Reproduce, exactly and only, the lines of the data that follows from the one containing "6. large metal block [161, 92, 235, 163]" down to the one containing "4. metal rod [181, 50, 291, 222]", without pictures.

-.-.-

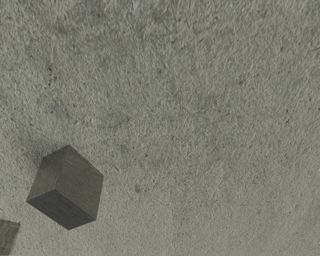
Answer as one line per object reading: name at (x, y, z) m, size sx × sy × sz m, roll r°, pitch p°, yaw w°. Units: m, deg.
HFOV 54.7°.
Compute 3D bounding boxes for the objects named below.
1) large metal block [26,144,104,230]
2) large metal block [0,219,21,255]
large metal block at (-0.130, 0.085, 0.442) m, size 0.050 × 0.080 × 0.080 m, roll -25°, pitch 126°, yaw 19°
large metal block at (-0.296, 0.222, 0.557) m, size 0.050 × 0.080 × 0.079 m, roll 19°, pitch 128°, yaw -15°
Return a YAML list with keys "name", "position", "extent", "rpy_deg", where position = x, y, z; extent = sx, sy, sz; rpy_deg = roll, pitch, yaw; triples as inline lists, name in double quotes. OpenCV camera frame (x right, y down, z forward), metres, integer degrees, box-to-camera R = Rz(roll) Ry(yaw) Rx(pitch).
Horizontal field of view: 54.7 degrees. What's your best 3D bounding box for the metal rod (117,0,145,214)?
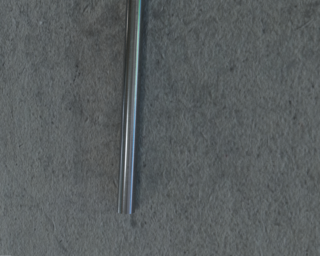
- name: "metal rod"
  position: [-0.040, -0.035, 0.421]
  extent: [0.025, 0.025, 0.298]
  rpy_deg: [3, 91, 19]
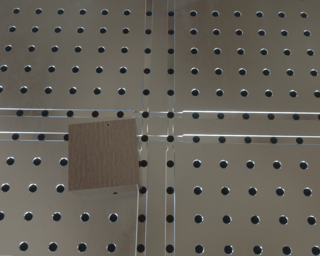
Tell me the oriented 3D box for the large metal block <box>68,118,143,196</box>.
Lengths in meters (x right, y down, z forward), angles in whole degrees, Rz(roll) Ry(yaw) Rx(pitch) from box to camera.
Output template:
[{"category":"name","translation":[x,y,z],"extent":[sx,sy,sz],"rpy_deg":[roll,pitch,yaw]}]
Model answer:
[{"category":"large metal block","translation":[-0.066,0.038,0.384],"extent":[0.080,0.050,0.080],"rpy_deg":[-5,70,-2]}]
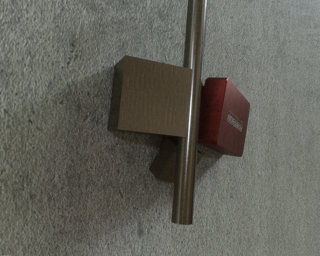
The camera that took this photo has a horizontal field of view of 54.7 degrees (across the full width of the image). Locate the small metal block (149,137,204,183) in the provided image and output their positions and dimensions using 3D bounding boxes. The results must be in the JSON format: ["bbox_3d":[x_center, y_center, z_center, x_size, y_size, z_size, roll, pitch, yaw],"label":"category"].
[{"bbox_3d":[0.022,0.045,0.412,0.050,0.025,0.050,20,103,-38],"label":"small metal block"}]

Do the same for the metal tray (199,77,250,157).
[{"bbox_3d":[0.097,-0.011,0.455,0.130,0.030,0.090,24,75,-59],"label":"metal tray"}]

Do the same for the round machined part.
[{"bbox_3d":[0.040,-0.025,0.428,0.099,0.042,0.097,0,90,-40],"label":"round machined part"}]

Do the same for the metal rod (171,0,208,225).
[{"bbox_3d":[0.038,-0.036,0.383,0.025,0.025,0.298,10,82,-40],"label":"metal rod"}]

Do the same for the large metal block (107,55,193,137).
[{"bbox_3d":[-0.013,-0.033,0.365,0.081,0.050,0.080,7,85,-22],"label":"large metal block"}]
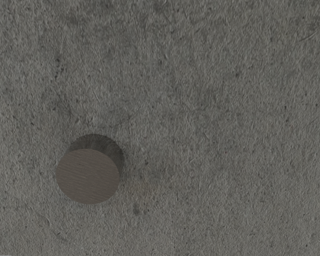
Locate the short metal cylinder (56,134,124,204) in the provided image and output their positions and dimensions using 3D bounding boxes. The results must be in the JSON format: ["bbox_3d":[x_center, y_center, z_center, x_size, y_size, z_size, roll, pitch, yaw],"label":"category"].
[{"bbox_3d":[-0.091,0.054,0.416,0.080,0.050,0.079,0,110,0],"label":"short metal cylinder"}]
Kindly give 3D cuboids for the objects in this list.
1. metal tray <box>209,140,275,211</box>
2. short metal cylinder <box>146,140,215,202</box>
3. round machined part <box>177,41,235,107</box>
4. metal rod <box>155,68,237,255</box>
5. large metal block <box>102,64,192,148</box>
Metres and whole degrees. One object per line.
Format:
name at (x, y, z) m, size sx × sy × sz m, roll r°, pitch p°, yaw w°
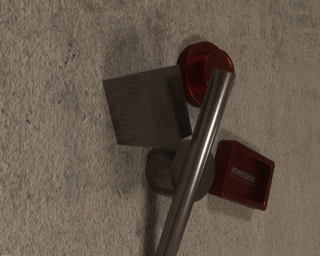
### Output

-.-.-

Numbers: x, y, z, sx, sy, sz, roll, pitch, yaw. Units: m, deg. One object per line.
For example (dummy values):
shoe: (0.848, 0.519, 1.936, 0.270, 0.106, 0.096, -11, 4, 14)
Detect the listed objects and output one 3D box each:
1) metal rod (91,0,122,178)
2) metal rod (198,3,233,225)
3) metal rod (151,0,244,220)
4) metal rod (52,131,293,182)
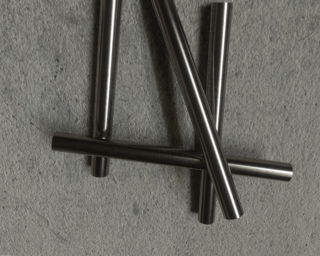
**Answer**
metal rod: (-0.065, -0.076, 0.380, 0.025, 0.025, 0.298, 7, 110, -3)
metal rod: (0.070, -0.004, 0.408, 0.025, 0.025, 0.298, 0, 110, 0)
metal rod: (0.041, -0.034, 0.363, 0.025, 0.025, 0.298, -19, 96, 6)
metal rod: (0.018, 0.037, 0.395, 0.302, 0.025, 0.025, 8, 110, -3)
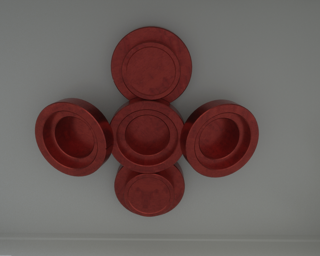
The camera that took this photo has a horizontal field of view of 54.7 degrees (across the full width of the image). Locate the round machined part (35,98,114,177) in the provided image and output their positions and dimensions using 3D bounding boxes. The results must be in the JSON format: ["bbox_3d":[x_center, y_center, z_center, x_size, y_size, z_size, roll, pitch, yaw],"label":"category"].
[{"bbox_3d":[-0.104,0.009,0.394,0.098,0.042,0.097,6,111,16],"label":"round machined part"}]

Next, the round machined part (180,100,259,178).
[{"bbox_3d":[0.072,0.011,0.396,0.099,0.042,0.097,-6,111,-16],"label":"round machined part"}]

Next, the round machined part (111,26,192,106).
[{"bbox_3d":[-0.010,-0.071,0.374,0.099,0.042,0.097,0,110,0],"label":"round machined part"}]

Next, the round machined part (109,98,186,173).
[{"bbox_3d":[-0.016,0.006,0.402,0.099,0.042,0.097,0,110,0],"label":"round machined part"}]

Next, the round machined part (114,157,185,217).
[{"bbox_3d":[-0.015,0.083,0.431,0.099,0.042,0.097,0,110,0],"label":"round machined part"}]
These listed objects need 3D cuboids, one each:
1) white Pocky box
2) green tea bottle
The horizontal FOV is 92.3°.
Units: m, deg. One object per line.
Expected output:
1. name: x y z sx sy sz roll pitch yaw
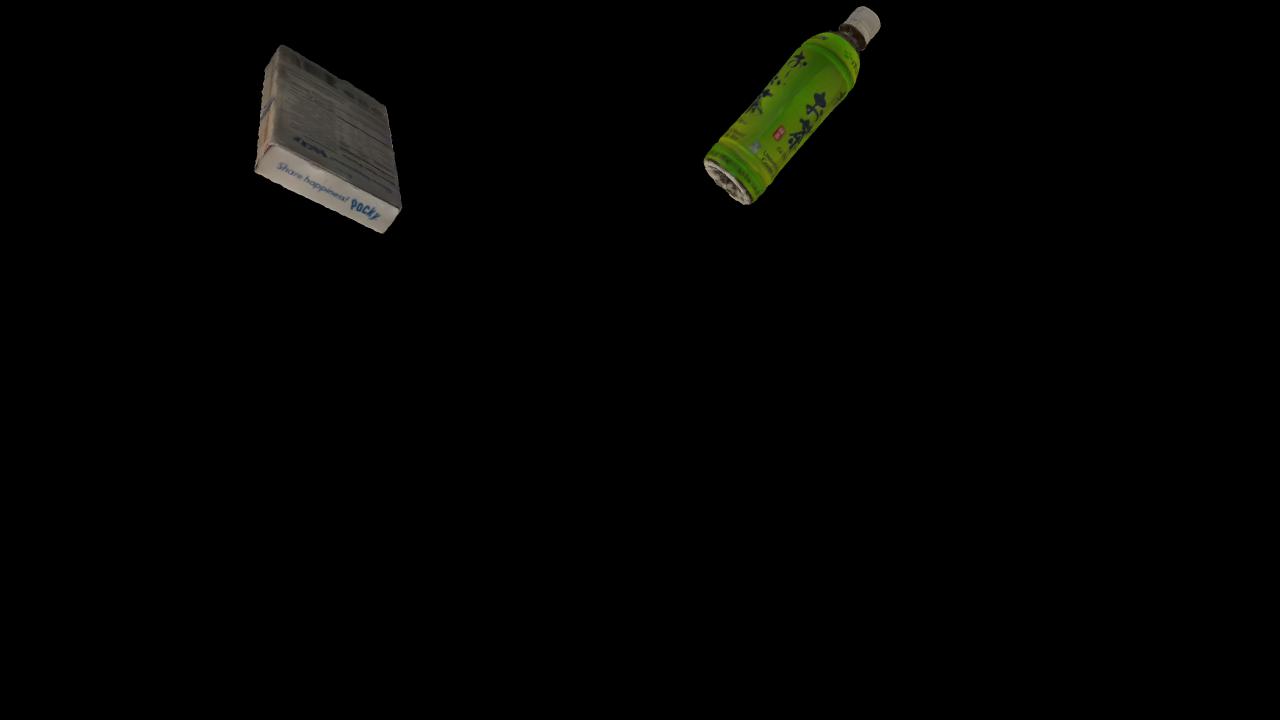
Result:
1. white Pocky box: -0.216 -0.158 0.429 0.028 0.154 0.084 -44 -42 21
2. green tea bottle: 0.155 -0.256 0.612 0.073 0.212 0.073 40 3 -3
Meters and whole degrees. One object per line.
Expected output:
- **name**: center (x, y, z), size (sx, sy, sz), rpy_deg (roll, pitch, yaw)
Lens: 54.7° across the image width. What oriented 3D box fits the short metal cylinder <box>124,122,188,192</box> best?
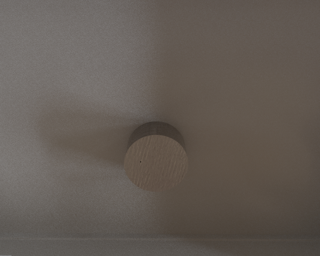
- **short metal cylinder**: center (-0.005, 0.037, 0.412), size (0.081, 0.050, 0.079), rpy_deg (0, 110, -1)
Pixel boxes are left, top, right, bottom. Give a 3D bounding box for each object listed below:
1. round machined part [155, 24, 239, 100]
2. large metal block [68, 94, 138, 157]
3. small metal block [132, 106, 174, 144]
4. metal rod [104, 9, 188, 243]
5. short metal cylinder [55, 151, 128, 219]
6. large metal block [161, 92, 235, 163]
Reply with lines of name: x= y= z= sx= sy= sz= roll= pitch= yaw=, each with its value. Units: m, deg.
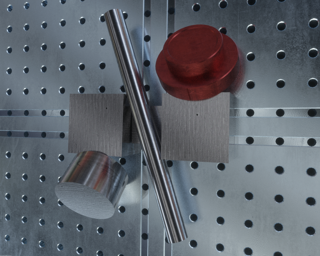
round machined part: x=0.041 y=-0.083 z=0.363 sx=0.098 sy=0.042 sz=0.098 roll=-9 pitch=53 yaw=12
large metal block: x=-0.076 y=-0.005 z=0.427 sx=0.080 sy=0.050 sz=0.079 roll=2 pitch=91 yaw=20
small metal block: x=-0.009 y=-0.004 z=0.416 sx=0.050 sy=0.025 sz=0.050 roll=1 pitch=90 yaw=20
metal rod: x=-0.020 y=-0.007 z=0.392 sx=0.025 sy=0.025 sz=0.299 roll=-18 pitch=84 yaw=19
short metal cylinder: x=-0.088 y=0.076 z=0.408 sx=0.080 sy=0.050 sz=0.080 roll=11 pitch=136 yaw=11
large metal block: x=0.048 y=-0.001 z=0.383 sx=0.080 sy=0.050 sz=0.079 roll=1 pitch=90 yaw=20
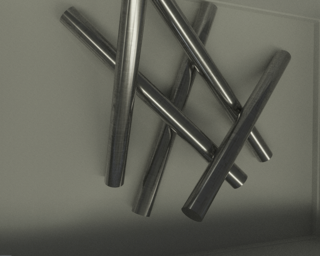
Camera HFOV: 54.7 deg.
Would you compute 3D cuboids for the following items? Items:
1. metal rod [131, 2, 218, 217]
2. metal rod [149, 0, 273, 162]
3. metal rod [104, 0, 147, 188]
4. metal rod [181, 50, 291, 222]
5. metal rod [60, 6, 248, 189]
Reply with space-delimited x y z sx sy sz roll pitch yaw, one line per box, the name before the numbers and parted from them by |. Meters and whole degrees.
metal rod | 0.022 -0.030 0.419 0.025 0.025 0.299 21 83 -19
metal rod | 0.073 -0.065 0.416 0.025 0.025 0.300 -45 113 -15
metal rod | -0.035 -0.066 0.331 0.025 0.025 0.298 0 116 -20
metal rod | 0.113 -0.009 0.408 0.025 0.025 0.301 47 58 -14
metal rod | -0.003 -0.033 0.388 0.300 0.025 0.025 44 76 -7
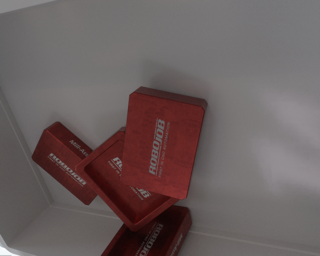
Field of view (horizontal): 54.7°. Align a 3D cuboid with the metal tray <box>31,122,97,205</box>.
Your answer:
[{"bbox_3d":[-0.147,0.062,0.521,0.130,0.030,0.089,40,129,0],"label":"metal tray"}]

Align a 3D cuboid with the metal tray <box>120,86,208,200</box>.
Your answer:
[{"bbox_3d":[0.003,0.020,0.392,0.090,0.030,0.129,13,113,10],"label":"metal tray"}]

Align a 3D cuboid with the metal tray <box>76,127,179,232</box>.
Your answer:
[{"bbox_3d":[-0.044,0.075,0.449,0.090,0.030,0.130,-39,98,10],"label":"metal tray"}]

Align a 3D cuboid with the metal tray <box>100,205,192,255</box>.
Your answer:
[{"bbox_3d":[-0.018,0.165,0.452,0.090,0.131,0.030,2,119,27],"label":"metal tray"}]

-.-.-

_REPLY_
6. large metal block [161, 92, 235, 163]
Reply with lines of name: x= y= z= sx= sy= sz= roll= pitch= yaw=, each with its value. Units: m, deg.
round machined part: x=0.041 y=-0.083 z=0.363 sx=0.098 sy=0.042 sz=0.098 roll=-9 pitch=53 yaw=12
large metal block: x=-0.076 y=-0.005 z=0.427 sx=0.080 sy=0.050 sz=0.079 roll=2 pitch=91 yaw=20
small metal block: x=-0.009 y=-0.004 z=0.416 sx=0.050 sy=0.025 sz=0.050 roll=1 pitch=90 yaw=20
metal rod: x=-0.020 y=-0.007 z=0.392 sx=0.025 sy=0.025 sz=0.299 roll=-18 pitch=84 yaw=19
short metal cylinder: x=-0.088 y=0.076 z=0.408 sx=0.080 sy=0.050 sz=0.080 roll=11 pitch=136 yaw=11
large metal block: x=0.048 y=-0.001 z=0.383 sx=0.080 sy=0.050 sz=0.079 roll=1 pitch=90 yaw=20
Camera HFOV: 54.7 deg.
Would you compute 3D cuboids for the following items? Items:
1. metal rod [131, 2, 218, 217]
2. metal rod [149, 0, 273, 162]
3. metal rod [104, 0, 147, 188]
4. metal rod [181, 50, 291, 222]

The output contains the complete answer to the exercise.